22. Terungkap

10.6K 858 64
                                    

"Jangan bercanda dengan penyakit anak saya."

Hendra menatap nyalang ke arah dokter muda yang baru saja menamparnya dengan sebuah kenyataan yang tidak mampu otaknya cerna dengan baik. Apalagi dokter muda inilah yang dulu pernah menghancurkan hidup putrinya.

Dia tidak mempercayai ucapannya begitu saja. Tangannya mengepal di atas pangkuan, siap untuk menerjang Kalva apabila lelaki itu berkata bohong lagi.

"Maafkan saya karena tidak bisa memberikan kabar menyenangkan kepada Om, tapi saya juga tidak bisa menyembunyikan tentang penyakit Lion."

Jika Hendra tidak melihat keseriusan dalam wajah Kalva, mungkin lelaki itu sudah berakhir mengenaskan di lantai sekarang. Namun, wajah tegang sekaligus tegasnya sudah menjelaskan apa yang baru dikatakannya tadi adalah sebuah kebenaran.

Kanker hati.

Sungguh, Hendra tidak pernah memikirkan tentang penyakit itu. Apalagi bisa menyerang Lion, putranya yang terlalu tangguh menurutnya.

Tubuh Hendra seketika melemas ketika mengingat kejadian di ruang kerja Kalva beberapa jam lalu. Kini dia menatap ranjang yang ditempati putranya dengan berbagai macam alat yang membantunya untuk bertahan hidup.

Sudah hampir tiga hari anak itu tidak melakukan pergerakan sama sekali. Dia masih tertidur dengan posisi yang sama dan alat yang sama namun kondisinya tidak kunjung membaik.

Lala tidak pernah meninggalakn Lion barang sedetik pun, dia selalu berada di sana, duduk memegang tangan adiknya yang dingin.

Hendra tidak tahu harus bagaimana sekarang. Hanya Tuhan yang memegang kendali hidupnya, hanya Tuhan yang memegang kendali hidup Lion.

Moza memeluk Hendra dengan pelan, meletakkan kepalanya di dada bidang milik suaminya itu.

Hendra bersyukur masih ada Moza yang dapat memberinya pegangan untuk bertahan sekarang, di saat badai sudah benar-benar menyapu bersih pertahanannya, wanita itu yang selalu membekapnya dan menguatkannya.

Sedangkan Lintang dia tidak pernah berbicara sejak kejadian malam itu. Dia menolak untuk sekolah, menolak untuk melakukan apapun, yang dia hanya inginkan adalah duduk di sini menatap wajah pucat adiknya.

Hanya dengan satu berita buruk mampu menghancurkan keluarga itu secara keseluruhan, mengambil semua keceriaan yang ada, melemparnya hingga tidak berdaya seperti sekarang.

Suasana yang tadinya hening mendadak menegang saat tubuh yang terbujur lemah itu tiba-tiba mengejang. Semuanya langsung mendekat, teriakan histeris diiringi dengan menderasnya kembali air mata yang mengalir membawa suasana semakin runyam sekarang.
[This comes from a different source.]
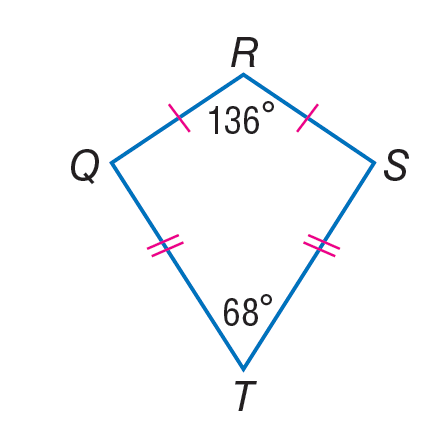Answer the mathemtical geometry problem and directly provide the correct option letter.
Question: If Q R S T is a kite, find m \angle R S T.
Choices: A: 39 B: 68 C: 78 D: 136 C

Semuanya panik, Hendra segera menekan tombol darurat untuk memanggil dokter. Tubuh Lion yang terus mengejang membuatnya gelagapan tidak tahu harus melakukan apa, hingga akhirnya Kalva datang dengan tergopoh-gopoh bersama tiga orang suster.

Satu di antara ketiga suster tersebut meminta semuanya menunggu di luar. Walaupun mereka sangat ingin menemani Lion di sini namun mereka juga harus memberikan ruang untuk Kalva menyelamatkan nyawa Lion.

Moza menarik Lala ke dalam pelukannya. Melihat perempuan itu menangis histeris membuat sisi keibuannya keluar untuk menenangkan Lala.

Sedangkan Hendra, pria itu langsung duduk di kursi tunggu depan ruang ICU, dia meremas kedua tangannya yang bergetar hebat. Tidak bisa dipungkiri kejadian tadi mampu membuatnya ketakutan.

Lintang sendiri langsung terduduk di lantai, mengusap wajahnya berkali-kali dan menarik rambutnya frustasi. Cowok itu terlihat begitu kacau. Dia tidak tahu apa yang akan dia lakukan jika hari ini Lion tidak bisa diselamatkan.